Friday, Defense Secretary Lloyd Austin overrode a plea agreement that was reached earlier in the week for the accused mastermind of the September 11, 2001, attacks along with two other defendants and reinstated them as death penalty cases.
Austin’s move comes two days after the Guantanamo Bay, Cuba, military commission announced the official appointed to oversee the war court, retired Brigadier General Susan Escallier, had reached plea deals with Khalid Sheikh Mohammed and two of his accused accomplices in the attacks, Mustafa al-Hawsawi and Walid al-Hawsawi.
Letters sent to families of the almost 3,000 individuals murdered in the al-Qaida attacks said the stipulation of the plea agreement stated the three would, at the most, serve life sentences.
In an order released Friday evening, Austin wrote that “in light of the significance of the decision,” he had decided the authority to decide on the acceptance of the plea agreements was his. He then nullified Escallier’s approval.

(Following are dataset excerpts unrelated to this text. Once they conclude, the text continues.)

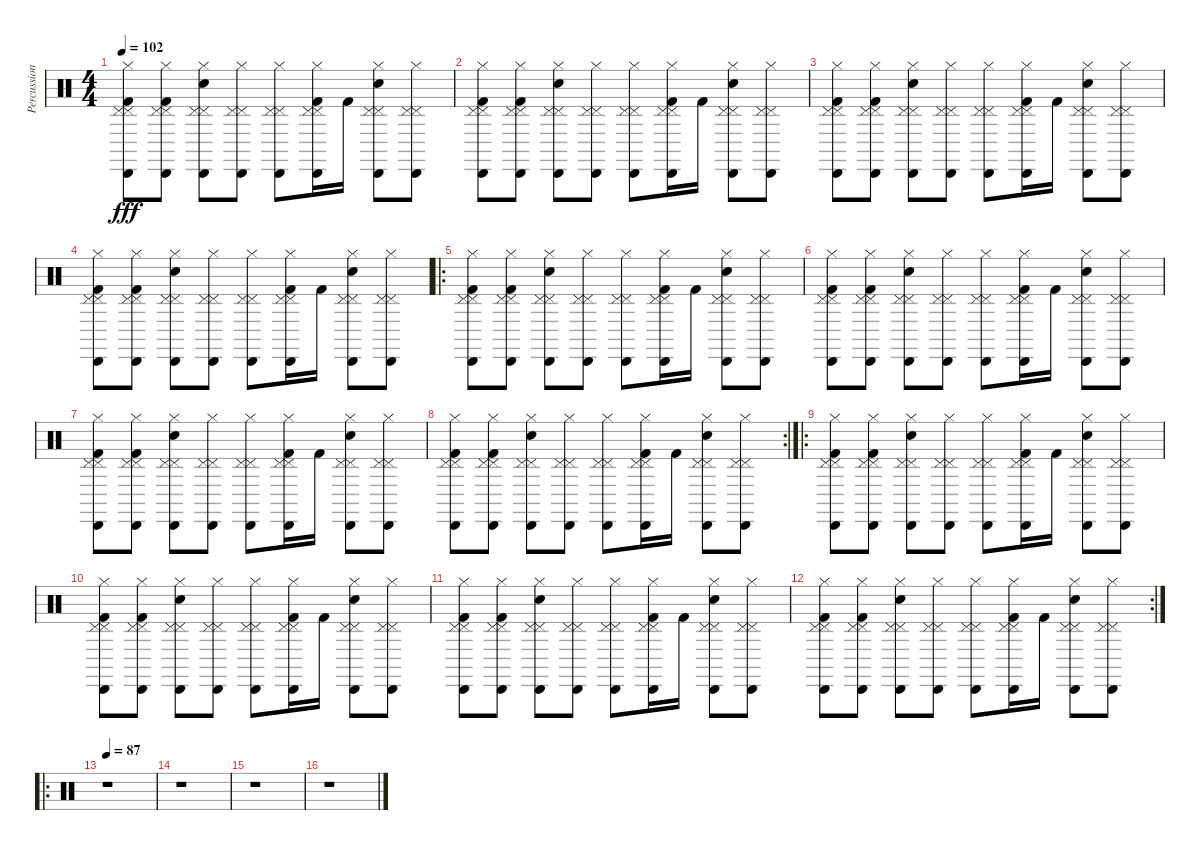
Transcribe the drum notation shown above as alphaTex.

\track ("Percussion" "Percussion") {instrument percussion}
\staff {score}
\articulation defaults
\ts (4 4)
\tempo 102
\clef neutral
\ks c
("Hi-Hat (closed)" "Kick (hit) 2" "Cabasa (hit)" "Pedal Hi-Hat (hit)" "Pedal Hi-Hat (hit)").8{dy fff} ("Hi-Hat (closed)" "Kick (hit) 2" "Cabasa (hit)" "Pedal Hi-Hat (hit)" "Pedal Hi-Hat (hit)").8 ("Hi-Hat (closed)" "Cabasa (hit)" "Electric Snare (hit)" "Pedal Hi-Hat (hit)" "Pedal Hi-Hat (hit)").8 ("Hi-Hat (closed)" "Cabasa (hit)" "Pedal Hi-Hat (hit)" "Pedal Hi-Hat (hit)").8 ("Hi-Hat (closed)" "Cabasa (hit)" "Pedal Hi-Hat (hit)" "Pedal Hi-Hat (hit)").8 ("Hi-Hat (closed)" "Kick (hit) 2" "Cabasa (hit)" "Pedal Hi-Hat (hit)" "Pedal Hi-Hat (hit)").16 "Kick (hit) 2".16 ("Hi-Hat (closed)" "Cabasa (hit)" "Electric Snare (hit)" "Pedal Hi-Hat (hit)" "Pedal Hi-Hat (hit)").8 ("Hi-Hat (closed)" "Cabasa (hit)" "Pedal Hi-Hat (hit)" "Pedal Hi-Hat (hit)").8 |
("Hi-Hat (closed)" "Kick (hit) 2" "Cabasa (hit)" "Pedal Hi-Hat (hit)" "Pedal Hi-Hat (hit)").8 ("Hi-Hat (closed)" "Kick (hit) 2" "Cabasa (hit)" "Pedal Hi-Hat (hit)" "Pedal Hi-Hat (hit)").8 ("Hi-Hat (closed)" "Cabasa (hit)" "Electric Snare (hit)" "Pedal Hi-Hat (hit)" "Pedal Hi-Hat (hit)").8 ("Hi-Hat (closed)" "Cabasa (hit)" "Pedal Hi-Hat (hit)" "Pedal Hi-Hat (hit)").8 ("Hi-Hat (closed)" "Cabasa (hit)" "Pedal Hi-Hat (hit)" "Pedal Hi-Hat (hit)").8 ("Hi-Hat (closed)" "Kick (hit) 2" "Cabasa (hit)" "Pedal Hi-Hat (hit)" "Pedal Hi-Hat (hit)").16 "Kick (hit) 2".16 ("Hi-Hat (closed)" "Cabasa (hit)" "Electric Snare (hit)" "Pedal Hi-Hat (hit)" "Pedal Hi-Hat (hit)").8 ("Hi-Hat (closed)" "Cabasa (hit)" "Pedal Hi-Hat (hit)" "Pedal Hi-Hat (hit)").8 |
("Hi-Hat (closed)" "Kick (hit) 2" "Cabasa (hit)" "Pedal Hi-Hat (hit)" "Pedal Hi-Hat (hit)").8 ("Hi-Hat (closed)" "Kick (hit) 2" "Cabasa (hit)" "Pedal Hi-Hat (hit)" "Pedal Hi-Hat (hit)").8 ("Hi-Hat (closed)" "Cabasa (hit)" "Electric Snare (hit)" "Pedal Hi-Hat (hit)" "Pedal Hi-Hat (hit)").8 ("Hi-Hat (closed)" "Cabasa (hit)" "Pedal Hi-Hat (hit)" "Pedal Hi-Hat (hit)").8 ("Hi-Hat (closed)" "Cabasa (hit)" "Pedal Hi-Hat (hit)" "Pedal Hi-Hat (hit)").8 ("Hi-Hat (closed)" "Kick (hit) 2" "Cabasa (hit)" "Pedal Hi-Hat (hit)" "Pedal Hi-Hat (hit)").16 "Kick (hit) 2".16 ("Hi-Hat (closed)" "Cabasa (hit)" "Electric Snare (hit)" "Pedal Hi-Hat (hit)" "Pedal Hi-Hat (hit)").8 ("Hi-Hat (closed)" "Cabasa (hit)" "Pedal Hi-Hat (hit)" "Pedal Hi-Hat (hit)").8 |
("Hi-Hat (closed)" "Kick (hit) 2" "Cabasa (hit)" "Pedal Hi-Hat (hit)" "Pedal Hi-Hat (hit)").8 ("Hi-Hat (closed)" "Kick (hit) 2" "Cabasa (hit)" "Pedal Hi-Hat (hit)" "Pedal Hi-Hat (hit)").8 ("Hi-Hat (closed)" "Cabasa (hit)" "Electric Snare (hit)" "Pedal Hi-Hat (hit)" "Pedal Hi-Hat (hit)").8 ("Hi-Hat (closed)" "Cabasa (hit)" "Pedal Hi-Hat (hit)" "Pedal Hi-Hat (hit)").8 ("Hi-Hat (closed)" "Cabasa (hit)" "Pedal Hi-Hat (hit)" "Pedal Hi-Hat (hit)").8 ("Hi-Hat (closed)" "Kick (hit) 2" "Cabasa (hit)" "Pedal Hi-Hat (hit)" "Pedal Hi-Hat (hit)").16 "Kick (hit) 2".16 ("Hi-Hat (closed)" "Cabasa (hit)" "Electric Snare (hit)" "Pedal Hi-Hat (hit)" "Pedal Hi-Hat (hit)").8 ("Hi-Hat (closed)" "Cabasa (hit)" "Pedal Hi-Hat (hit)" "Pedal Hi-Hat (hit)").8 |
\ro
("Hi-Hat (closed)" "Kick (hit) 2" "Cabasa (hit)" "Pedal Hi-Hat (hit)" "Pedal Hi-Hat (hit)").8 ("Hi-Hat (closed)" "Kick (hit) 2" "Cabasa (hit)" "Pedal Hi-Hat (hit)" "Pedal Hi-Hat (hit)").8 ("Hi-Hat (closed)" "Cabasa (hit)" "Electric Snare (hit)" "Pedal Hi-Hat (hit)" "Pedal Hi-Hat (hit)").8 ("Hi-Hat (closed)" "Cabasa (hit)" "Pedal Hi-Hat (hit)" "Pedal Hi-Hat (hit)").8 ("Hi-Hat (closed)" "Cabasa (hit)" "Pedal Hi-Hat (hit)" "Pedal Hi-Hat (hit)").8 ("Hi-Hat (closed)" "Kick (hit) 2" "Cabasa (hit)" "Pedal Hi-Hat (hit)" "Pedal Hi-Hat (hit)").16 "Kick (hit) 2".16 ("Hi-Hat (closed)" "Cabasa (hit)" "Electric Snare (hit)" "Pedal Hi-Hat (hit)" "Pedal Hi-Hat (hit)").8 ("Hi-Hat (closed)" "Cabasa (hit)" "Pedal Hi-Hat (hit)" "Pedal Hi-Hat (hit)").8 |
("Hi-Hat (closed)" "Kick (hit) 2" "Cabasa (hit)" "Pedal Hi-Hat (hit)" "Pedal Hi-Hat (hit)").8 ("Hi-Hat (closed)" "Kick (hit) 2" "Cabasa (hit)" "Pedal Hi-Hat (hit)" "Pedal Hi-Hat (hit)").8 ("Hi-Hat (closed)" "Cabasa (hit)" "Electric Snare (hit)" "Pedal Hi-Hat (hit)" "Pedal Hi-Hat (hit)").8 ("Hi-Hat (closed)" "Cabasa (hit)" "Pedal Hi-Hat (hit)" "Pedal Hi-Hat (hit)").8 ("Hi-Hat (closed)" "Cabasa (hit)" "Pedal Hi-Hat (hit)" "Pedal Hi-Hat (hit)").8 ("Hi-Hat (closed)" "Kick (hit) 2" "Cabasa (hit)" "Pedal Hi-Hat (hit)" "Pedal Hi-Hat (hit)").16 "Kick (hit) 2".16 ("Hi-Hat (closed)" "Cabasa (hit)" "Electric Snare (hit)" "Pedal Hi-Hat (hit)" "Pedal Hi-Hat (hit)").8 ("Hi-Hat (closed)" "Cabasa (hit)" "Pedal Hi-Hat (hit)" "Pedal Hi-Hat (hit)").8 |
("Hi-Hat (closed)" "Kick (hit) 2" "Cabasa (hit)" "Pedal Hi-Hat (hit)" "Pedal Hi-Hat (hit)").8 ("Hi-Hat (closed)" "Kick (hit) 2" "Cabasa (hit)" "Pedal Hi-Hat (hit)" "Pedal Hi-Hat (hit)").8 ("Hi-Hat (closed)" "Cabasa (hit)" "Electric Snare (hit)" "Pedal Hi-Hat (hit)" "Pedal Hi-Hat (hit)").8 ("Hi-Hat (closed)" "Cabasa (hit)" "Pedal Hi-Hat (hit)" "Pedal Hi-Hat (hit)").8 ("Hi-Hat (closed)" "Cabasa (hit)" "Pedal Hi-Hat (hit)" "Pedal Hi-Hat (hit)").8 ("Hi-Hat (closed)" "Kick (hit) 2" "Cabasa (hit)" "Pedal Hi-Hat (hit)" "Pedal Hi-Hat (hit)").16 "Kick (hit) 2".16 ("Hi-Hat (closed)" "Cabasa (hit)" "Electric Snare (hit)" "Pedal Hi-Hat (hit)" "Pedal Hi-Hat (hit)").8 ("Hi-Hat (closed)" "Cabasa (hit)" "Pedal Hi-Hat (hit)" "Pedal Hi-Hat (hit)").8 |
\rc 2
("Hi-Hat (closed)" "Kick (hit) 2" "Cabasa (hit)" "Pedal Hi-Hat (hit)" "Pedal Hi-Hat (hit)").8 ("Hi-Hat (closed)" "Kick (hit) 2" "Cabasa (hit)" "Pedal Hi-Hat (hit)" "Pedal Hi-Hat (hit)").8 ("Hi-Hat (closed)" "Cabasa (hit)" "Electric Snare (hit)" "Pedal Hi-Hat (hit)" "Pedal Hi-Hat (hit)").8 ("Hi-Hat (closed)" "Cabasa (hit)" "Pedal Hi-Hat (hit)" "Pedal Hi-Hat (hit)").8 ("Hi-Hat (closed)" "Cabasa (hit)" "Pedal Hi-Hat (hit)" "Pedal Hi-Hat (hit)").8 ("Hi-Hat (closed)" "Kick (hit) 2" "Cabasa (hit)" "Pedal Hi-Hat (hit)" "Pedal Hi-Hat (hit)").16 "Kick (hit) 2".16 ("Hi-Hat (closed)" "Cabasa (hit)" "Electric Snare (hit)" "Pedal Hi-Hat (hit)" "Pedal Hi-Hat (hit)").8 ("Hi-Hat (closed)" "Cabasa (hit)" "Pedal Hi-Hat (hit)" "Pedal Hi-Hat (hit)").8 |
\ro
("Hi-Hat (closed)" "Kick (hit) 2" "Cabasa (hit)" "Pedal Hi-Hat (hit)" "Pedal Hi-Hat (hit)").8 ("Hi-Hat (closed)" "Kick (hit) 2" "Cabasa (hit)" "Pedal Hi-Hat (hit)" "Pedal Hi-Hat (hit)").8 ("Hi-Hat (closed)" "Cabasa (hit)" "Electric Snare (hit)" "Pedal Hi-Hat (hit)" "Pedal Hi-Hat (hit)").8 ("Hi-Hat (closed)" "Cabasa (hit)" "Pedal Hi-Hat (hit)" "Pedal Hi-Hat (hit)").8 ("Hi-Hat (closed)" "Cabasa (hit)" "Pedal Hi-Hat (hit)" "Pedal Hi-Hat (hit)").8 ("Hi-Hat (closed)" "Kick (hit) 2" "Cabasa (hit)" "Pedal Hi-Hat (hit)" "Pedal Hi-Hat (hit)").16 "Kick (hit) 2".16 ("Hi-Hat (closed)" "Cabasa (hit)" "Electric Snare (hit)" "Pedal Hi-Hat (hit)" "Pedal Hi-Hat (hit)").8 ("Hi-Hat (closed)" "Cabasa (hit)" "Pedal Hi-Hat (hit)" "Pedal Hi-Hat (hit)").8 |
("Hi-Hat (closed)" "Kick (hit) 2" "Cabasa (hit)" "Pedal Hi-Hat (hit)" "Pedal Hi-Hat (hit)").8 ("Hi-Hat (closed)" "Kick (hit) 2" "Cabasa (hit)" "Pedal Hi-Hat (hit)" "Pedal Hi-Hat (hit)").8 ("Hi-Hat (closed)" "Cabasa (hit)" "Electric Snare (hit)" "Pedal Hi-Hat (hit)" "Pedal Hi-Hat (hit)").8 ("Hi-Hat (closed)" "Cabasa (hit)" "Pedal Hi-Hat (hit)" "Pedal Hi-Hat (hit)").8 ("Hi-Hat (closed)" "Cabasa (hit)" "Pedal Hi-Hat (hit)" "Pedal Hi-Hat (hit)").8 ("Hi-Hat (closed)" "Kick (hit) 2" "Cabasa (hit)" "Pedal Hi-Hat (hit)" "Pedal Hi-Hat (hit)").16 "Kick (hit) 2".16 ("Hi-Hat (closed)" "Cabasa (hit)" "Electric Snare (hit)" "Pedal Hi-Hat (hit)" "Pedal Hi-Hat (hit)").8 ("Hi-Hat (closed)" "Cabasa (hit)" "Pedal Hi-Hat (hit)" "Pedal Hi-Hat (hit)").8 |
("Hi-Hat (closed)" "Kick (hit) 2" "Cabasa (hit)" "Pedal Hi-Hat (hit)" "Pedal Hi-Hat (hit)").8 ("Hi-Hat (closed)" "Kick (hit) 2" "Cabasa (hit)" "Pedal Hi-Hat (hit)" "Pedal Hi-Hat (hit)").8 ("Hi-Hat (closed)" "Cabasa (hit)" "Electric Snare (hit)" "Pedal Hi-Hat (hit)" "Pedal Hi-Hat (hit)").8 ("Hi-Hat (closed)" "Cabasa (hit)" "Pedal Hi-Hat (hit)" "Pedal Hi-Hat (hit)").8 ("Hi-Hat (closed)" "Cabasa (hit)" "Pedal Hi-Hat (hit)" "Pedal Hi-Hat (hit)").8 ("Hi-Hat (closed)" "Kick (hit) 2" "Cabasa (hit)" "Pedal Hi-Hat (hit)" "Pedal Hi-Hat (hit)").16 "Kick (hit) 2".16 ("Hi-Hat (closed)" "Cabasa (hit)" "Electric Snare (hit)" "Pedal Hi-Hat (hit)" "Pedal Hi-Hat (hit)").8 ("Hi-Hat (closed)" "Cabasa (hit)" "Pedal Hi-Hat (hit)" "Pedal Hi-Hat (hit)").8 |
\rc 2
("Hi-Hat (closed)" "Kick (hit) 2" "Cabasa (hit)" "Pedal Hi-Hat (hit)" "Pedal Hi-Hat (hit)").8 ("Hi-Hat (closed)" "Kick (hit) 2" "Cabasa (hit)" "Pedal Hi-Hat (hit)" "Pedal Hi-Hat (hit)").8 ("Hi-Hat (closed)" "Cabasa (hit)" "Electric Snare (hit)" "Pedal Hi-Hat (hit)" "Pedal Hi-Hat (hit)").8 ("Hi-Hat (closed)" "Cabasa (hit)" "Pedal Hi-Hat (hit)" "Pedal Hi-Hat (hit)").8 ("Hi-Hat (closed)" "Cabasa (hit)" "Pedal Hi-Hat (hit)" "Pedal Hi-Hat (hit)").8 ("Hi-Hat (closed)" "Kick (hit) 2" "Cabasa (hit)" "Pedal Hi-Hat (hit)" "Pedal Hi-Hat (hit)").16 "Kick (hit) 2".16 ("Hi-Hat (closed)" "Cabasa (hit)" "Electric Snare (hit)" "Pedal Hi-Hat (hit)" "Pedal Hi-Hat (hit)").8 ("Hi-Hat (closed)" "Cabasa (hit)" "Pedal Hi-Hat (hit)" "Pedal Hi-Hat (hit)").8 |
\ro
\tempo 87
r.1 |
r.1 |
r.1 |
r.1

Some attack victims’ families condemned the deal for cutting off any possibility of possible death penalties from full trials. The GOP was quick to fault the Biden administration for the agreement, although after the decision was announced, the administration said it did not know of it.
Republican Senator Tom Cotton of Arkansas, an Armed Services Committee member, had condemned the plea deal earlier on social media Friday as “disgraceful.” Cotton said he had introduced legislation that would mandate the 9/11 defendants go to trial with the possibility of the death penalty.
Mohammed, described by the United States as the main plotter behind the attack that crashed hijacked passenger planes into the Pentagon, the World Trade Center, and a field in Pennsylvania, and the additional two defendants had been predicted to formally enter their pleas under the deals as soon as next week.
9/11 case has been stuck in pre-trial hearings and court actions since 2008
The U.S. military commission tasked with overseeing the cases of five defendants in the September 11 attacks has been stuck in preliminary court action and pre-trial hearings since 2008.
The treatment the defendants underwent while in CIA custody has been among the many challenges slowing cases and left the prospect of complete trials and verdicts still uncertain, partly because of the inadmissibility of evidence linked to the torture.
Staff attorney at the Center for Constitutional Rights, J. Wells Dixon, who has represented defendants at Guantanamo as well as additional detainees there cleared of any wrongdoing, had welcomed the plea bargains as the only valid way to bring the legally fraught and long-stalled 9/11 cases to resolution.
On Friday, Dixon accused Austin of “bowing to political pressure and pushing some victim family members over an emotional cliff” by withdrawing the plea deals.
Attorneys for the two sides have been investigating a negotiated resolution to the case for around 1 ½ years. President Joe Biden earlier blocked a recommended plea deal bargain in the case last year when he refused to proffer requested presidential guarantees that the men would be provided trauma care for the torture they underwent while in CIA custody and be spared solitary confinement.
A fourth September 11 defendant at Guantanamo had still been negotiating on a potential plea agreement.
Last year, the military commission ruled the fifth defendant to be mentally unfit to stand trial. A military medical panel cited psychosis and post-traumatic stress disorder and linked it to solitary confinement and torture in four years in CIA custody before being transferred to Guantanamo.